### Problem requirements
Reproduce exactly, from the line containing "1222 407 26", every line down to the end of the data below.

### Dataset excerpts
■ ■ ■

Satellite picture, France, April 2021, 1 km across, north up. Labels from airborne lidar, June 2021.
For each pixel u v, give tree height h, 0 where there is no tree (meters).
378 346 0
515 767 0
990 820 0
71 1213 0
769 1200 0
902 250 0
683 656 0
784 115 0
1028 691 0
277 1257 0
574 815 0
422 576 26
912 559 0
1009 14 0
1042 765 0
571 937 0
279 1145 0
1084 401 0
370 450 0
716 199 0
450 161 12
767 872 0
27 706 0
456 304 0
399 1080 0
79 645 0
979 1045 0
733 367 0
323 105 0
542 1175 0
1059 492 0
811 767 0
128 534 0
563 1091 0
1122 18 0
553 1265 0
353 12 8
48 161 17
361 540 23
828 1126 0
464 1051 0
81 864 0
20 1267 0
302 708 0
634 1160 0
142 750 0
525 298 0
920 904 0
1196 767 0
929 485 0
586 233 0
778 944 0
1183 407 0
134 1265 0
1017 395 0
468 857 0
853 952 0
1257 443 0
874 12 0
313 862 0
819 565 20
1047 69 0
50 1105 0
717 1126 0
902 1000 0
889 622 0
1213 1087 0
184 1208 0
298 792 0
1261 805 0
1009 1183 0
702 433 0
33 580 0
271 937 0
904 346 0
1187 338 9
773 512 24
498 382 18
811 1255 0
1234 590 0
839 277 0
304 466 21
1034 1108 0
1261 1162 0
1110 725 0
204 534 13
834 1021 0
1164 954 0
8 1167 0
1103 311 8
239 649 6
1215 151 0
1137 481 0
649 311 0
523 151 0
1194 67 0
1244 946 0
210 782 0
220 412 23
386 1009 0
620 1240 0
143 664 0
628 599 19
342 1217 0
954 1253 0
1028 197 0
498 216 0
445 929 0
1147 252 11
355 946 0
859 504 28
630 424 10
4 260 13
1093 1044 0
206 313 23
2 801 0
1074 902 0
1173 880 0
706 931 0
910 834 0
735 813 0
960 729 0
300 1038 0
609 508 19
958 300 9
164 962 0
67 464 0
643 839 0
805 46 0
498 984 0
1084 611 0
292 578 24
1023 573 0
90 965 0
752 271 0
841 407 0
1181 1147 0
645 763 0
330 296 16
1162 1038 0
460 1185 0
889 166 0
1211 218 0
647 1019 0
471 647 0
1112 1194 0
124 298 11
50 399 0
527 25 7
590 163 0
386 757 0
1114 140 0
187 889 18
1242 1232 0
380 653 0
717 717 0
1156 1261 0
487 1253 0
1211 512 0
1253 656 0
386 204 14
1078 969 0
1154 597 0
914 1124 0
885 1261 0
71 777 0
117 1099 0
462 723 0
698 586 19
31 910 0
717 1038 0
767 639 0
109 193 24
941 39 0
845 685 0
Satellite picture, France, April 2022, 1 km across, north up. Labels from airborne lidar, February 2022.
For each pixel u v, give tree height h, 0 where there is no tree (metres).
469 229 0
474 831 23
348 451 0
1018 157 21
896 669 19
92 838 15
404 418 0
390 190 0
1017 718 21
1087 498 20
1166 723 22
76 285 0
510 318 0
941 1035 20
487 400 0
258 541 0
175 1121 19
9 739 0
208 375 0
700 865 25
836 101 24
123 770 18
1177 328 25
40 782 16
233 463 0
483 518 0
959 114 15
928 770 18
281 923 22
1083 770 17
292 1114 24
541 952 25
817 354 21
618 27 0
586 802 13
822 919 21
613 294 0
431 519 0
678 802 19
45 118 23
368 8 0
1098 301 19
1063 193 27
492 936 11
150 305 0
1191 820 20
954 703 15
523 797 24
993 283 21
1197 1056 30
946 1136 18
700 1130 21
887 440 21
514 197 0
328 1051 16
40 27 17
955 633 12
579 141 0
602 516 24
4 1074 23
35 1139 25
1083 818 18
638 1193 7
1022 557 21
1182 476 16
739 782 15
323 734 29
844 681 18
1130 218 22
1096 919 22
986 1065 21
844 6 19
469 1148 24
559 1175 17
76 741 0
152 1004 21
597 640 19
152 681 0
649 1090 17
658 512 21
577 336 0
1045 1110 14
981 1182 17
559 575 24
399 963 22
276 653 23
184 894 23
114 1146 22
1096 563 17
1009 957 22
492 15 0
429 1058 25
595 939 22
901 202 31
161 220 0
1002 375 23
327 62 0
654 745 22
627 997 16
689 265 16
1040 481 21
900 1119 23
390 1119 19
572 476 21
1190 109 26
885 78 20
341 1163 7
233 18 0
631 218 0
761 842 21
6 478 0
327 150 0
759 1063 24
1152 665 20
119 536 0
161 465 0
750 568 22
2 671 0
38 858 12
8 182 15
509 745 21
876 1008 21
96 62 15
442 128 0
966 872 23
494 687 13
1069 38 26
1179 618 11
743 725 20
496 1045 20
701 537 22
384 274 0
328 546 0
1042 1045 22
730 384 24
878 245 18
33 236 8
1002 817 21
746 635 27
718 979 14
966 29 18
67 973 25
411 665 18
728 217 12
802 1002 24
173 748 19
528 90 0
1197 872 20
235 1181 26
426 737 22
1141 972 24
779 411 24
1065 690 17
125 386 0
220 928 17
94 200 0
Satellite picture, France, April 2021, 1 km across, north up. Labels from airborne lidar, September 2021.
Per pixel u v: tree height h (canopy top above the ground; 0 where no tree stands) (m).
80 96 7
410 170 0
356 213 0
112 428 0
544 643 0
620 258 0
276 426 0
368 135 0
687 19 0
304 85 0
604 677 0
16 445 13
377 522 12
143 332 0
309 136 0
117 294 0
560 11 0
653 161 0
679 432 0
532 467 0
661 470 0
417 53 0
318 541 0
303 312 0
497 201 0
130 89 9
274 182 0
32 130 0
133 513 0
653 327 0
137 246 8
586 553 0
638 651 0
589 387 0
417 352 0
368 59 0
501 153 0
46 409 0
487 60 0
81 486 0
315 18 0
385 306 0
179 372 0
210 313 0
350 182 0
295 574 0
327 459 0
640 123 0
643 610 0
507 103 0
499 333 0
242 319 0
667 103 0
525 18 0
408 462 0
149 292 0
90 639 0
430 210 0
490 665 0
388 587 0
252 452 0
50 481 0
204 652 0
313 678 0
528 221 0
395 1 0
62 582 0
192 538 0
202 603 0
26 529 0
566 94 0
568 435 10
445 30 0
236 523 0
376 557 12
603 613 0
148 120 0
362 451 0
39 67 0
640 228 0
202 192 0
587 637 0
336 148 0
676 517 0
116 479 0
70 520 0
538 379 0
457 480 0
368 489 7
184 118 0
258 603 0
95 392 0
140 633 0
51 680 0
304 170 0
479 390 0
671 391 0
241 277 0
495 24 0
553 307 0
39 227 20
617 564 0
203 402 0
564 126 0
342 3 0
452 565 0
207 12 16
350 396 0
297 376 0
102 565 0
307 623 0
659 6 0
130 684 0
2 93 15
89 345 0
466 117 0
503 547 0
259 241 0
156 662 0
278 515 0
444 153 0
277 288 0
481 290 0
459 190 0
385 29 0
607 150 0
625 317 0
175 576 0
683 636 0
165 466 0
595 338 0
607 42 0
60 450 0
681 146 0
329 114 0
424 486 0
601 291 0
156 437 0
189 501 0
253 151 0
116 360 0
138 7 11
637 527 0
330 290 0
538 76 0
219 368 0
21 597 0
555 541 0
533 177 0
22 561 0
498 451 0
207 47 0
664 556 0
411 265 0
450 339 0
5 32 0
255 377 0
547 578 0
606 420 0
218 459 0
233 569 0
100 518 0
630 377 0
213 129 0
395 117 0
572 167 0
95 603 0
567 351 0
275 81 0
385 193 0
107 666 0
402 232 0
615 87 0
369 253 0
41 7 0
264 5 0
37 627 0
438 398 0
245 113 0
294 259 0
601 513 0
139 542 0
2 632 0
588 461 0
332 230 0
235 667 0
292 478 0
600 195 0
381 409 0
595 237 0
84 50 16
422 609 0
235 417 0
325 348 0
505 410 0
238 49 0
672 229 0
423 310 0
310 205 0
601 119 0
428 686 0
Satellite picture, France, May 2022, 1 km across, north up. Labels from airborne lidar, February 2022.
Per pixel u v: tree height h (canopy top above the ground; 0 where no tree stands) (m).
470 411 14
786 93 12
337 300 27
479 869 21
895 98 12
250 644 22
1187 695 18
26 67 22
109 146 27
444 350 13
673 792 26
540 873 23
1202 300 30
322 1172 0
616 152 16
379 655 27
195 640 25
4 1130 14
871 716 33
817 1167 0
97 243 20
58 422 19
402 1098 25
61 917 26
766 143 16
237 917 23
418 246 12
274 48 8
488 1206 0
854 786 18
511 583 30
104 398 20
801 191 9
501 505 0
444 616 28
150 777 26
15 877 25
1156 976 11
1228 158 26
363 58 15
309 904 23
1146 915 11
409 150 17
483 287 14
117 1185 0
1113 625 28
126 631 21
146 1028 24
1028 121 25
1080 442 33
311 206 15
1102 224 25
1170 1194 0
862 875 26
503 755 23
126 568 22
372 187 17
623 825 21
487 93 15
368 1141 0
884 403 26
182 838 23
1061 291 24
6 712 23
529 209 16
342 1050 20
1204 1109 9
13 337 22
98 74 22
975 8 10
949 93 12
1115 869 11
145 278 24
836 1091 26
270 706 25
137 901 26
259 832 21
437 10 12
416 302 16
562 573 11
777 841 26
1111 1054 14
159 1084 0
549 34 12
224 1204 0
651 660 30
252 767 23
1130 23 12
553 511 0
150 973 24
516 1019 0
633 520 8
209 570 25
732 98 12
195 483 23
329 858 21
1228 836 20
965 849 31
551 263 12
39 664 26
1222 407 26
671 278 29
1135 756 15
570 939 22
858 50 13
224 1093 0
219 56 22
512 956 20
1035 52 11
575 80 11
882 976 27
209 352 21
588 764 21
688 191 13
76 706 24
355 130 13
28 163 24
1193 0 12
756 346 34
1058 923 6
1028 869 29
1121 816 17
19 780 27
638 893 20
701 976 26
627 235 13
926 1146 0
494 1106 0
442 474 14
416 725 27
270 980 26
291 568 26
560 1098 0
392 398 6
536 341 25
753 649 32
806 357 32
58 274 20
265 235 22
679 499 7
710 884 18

■ ■ ■

### Exercise result
1222 407 26
671 278 29
1135 756 15
570 939 22
858 50 13
224 1093 0
219 56 22
512 956 20
1035 52 11
575 80 11
882 976 27
209 352 21
588 764 21
688 191 13
76 706 24
355 130 13
28 163 24
1193 0 12
756 346 34
1058 923 6
1028 869 29
1121 816 17
19 780 27
638 893 20
701 976 26
627 235 13
926 1146 0
494 1106 0
442 474 14
416 725 27
270 980 26
291 568 26
560 1098 0
392 398 6
536 341 25
753 649 32
806 357 32
58 274 20
265 235 22
679 499 7
710 884 18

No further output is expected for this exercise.